§ Prompt
Set down the records that follow in full and without changes.

Dataset records

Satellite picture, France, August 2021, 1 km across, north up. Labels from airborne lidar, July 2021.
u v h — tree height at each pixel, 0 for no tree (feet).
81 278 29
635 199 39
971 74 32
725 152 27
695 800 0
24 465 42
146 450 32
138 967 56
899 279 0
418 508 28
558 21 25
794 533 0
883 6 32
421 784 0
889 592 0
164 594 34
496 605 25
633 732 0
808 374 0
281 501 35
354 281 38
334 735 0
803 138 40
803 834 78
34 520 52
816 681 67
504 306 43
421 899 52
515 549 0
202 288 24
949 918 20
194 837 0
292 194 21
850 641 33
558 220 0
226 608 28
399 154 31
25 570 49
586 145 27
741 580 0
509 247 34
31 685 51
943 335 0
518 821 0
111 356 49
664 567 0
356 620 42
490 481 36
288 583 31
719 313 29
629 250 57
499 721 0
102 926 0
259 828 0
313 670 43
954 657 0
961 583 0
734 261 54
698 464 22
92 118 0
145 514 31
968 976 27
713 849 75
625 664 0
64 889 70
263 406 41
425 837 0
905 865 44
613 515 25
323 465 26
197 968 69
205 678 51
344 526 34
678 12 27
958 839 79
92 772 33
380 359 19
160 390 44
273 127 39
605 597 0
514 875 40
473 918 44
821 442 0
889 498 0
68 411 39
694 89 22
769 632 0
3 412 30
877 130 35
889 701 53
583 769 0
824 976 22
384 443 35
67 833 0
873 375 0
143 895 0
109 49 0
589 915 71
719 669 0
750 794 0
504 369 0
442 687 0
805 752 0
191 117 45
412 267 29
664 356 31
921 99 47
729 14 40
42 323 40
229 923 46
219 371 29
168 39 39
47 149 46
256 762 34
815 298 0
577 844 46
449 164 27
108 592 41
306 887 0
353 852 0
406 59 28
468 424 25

§ Response to this task
Satellite picture, France, August 2021, 1 km across, north up. Labels from airborne lidar, July 2021.
u v h — tree height at each pixel, 0 for no tree (feet).
81 278 29
635 199 39
971 74 32
725 152 27
695 800 0
24 465 42
146 450 32
138 967 56
899 279 0
418 508 28
558 21 25
794 533 0
883 6 32
421 784 0
889 592 0
164 594 34
496 605 25
633 732 0
808 374 0
281 501 35
354 281 38
334 735 0
803 138 40
803 834 78
34 520 52
816 681 67
504 306 43
421 899 52
515 549 0
202 288 24
949 918 20
194 837 0
292 194 21
850 641 33
558 220 0
226 608 28
399 154 31
25 570 49
586 145 27
741 580 0
509 247 34
31 685 51
943 335 0
518 821 0
111 356 49
664 567 0
356 620 42
490 481 36
288 583 31
719 313 29
629 250 57
499 721 0
102 926 0
259 828 0
313 670 43
954 657 0
961 583 0
734 261 54
698 464 22
92 118 0
145 514 31
968 976 27
713 849 75
625 664 0
64 889 70
263 406 41
425 837 0
905 865 44
613 515 25
323 465 26
197 968 69
205 678 51
344 526 34
678 12 27
958 839 79
92 772 33
380 359 19
160 390 44
273 127 39
605 597 0
514 875 40
473 918 44
821 442 0
889 498 0
68 411 39
694 89 22
769 632 0
3 412 30
877 130 35
889 701 53
583 769 0
824 976 22
384 443 35
67 833 0
873 375 0
143 895 0
109 49 0
589 915 71
719 669 0
750 794 0
504 369 0
442 687 0
805 752 0
191 117 45
412 267 29
664 356 31
921 99 47
729 14 40
42 323 40
229 923 46
219 371 29
168 39 39
47 149 46
256 762 34
815 298 0
577 844 46
449 164 27
108 592 41
306 887 0
353 852 0
406 59 28
468 424 25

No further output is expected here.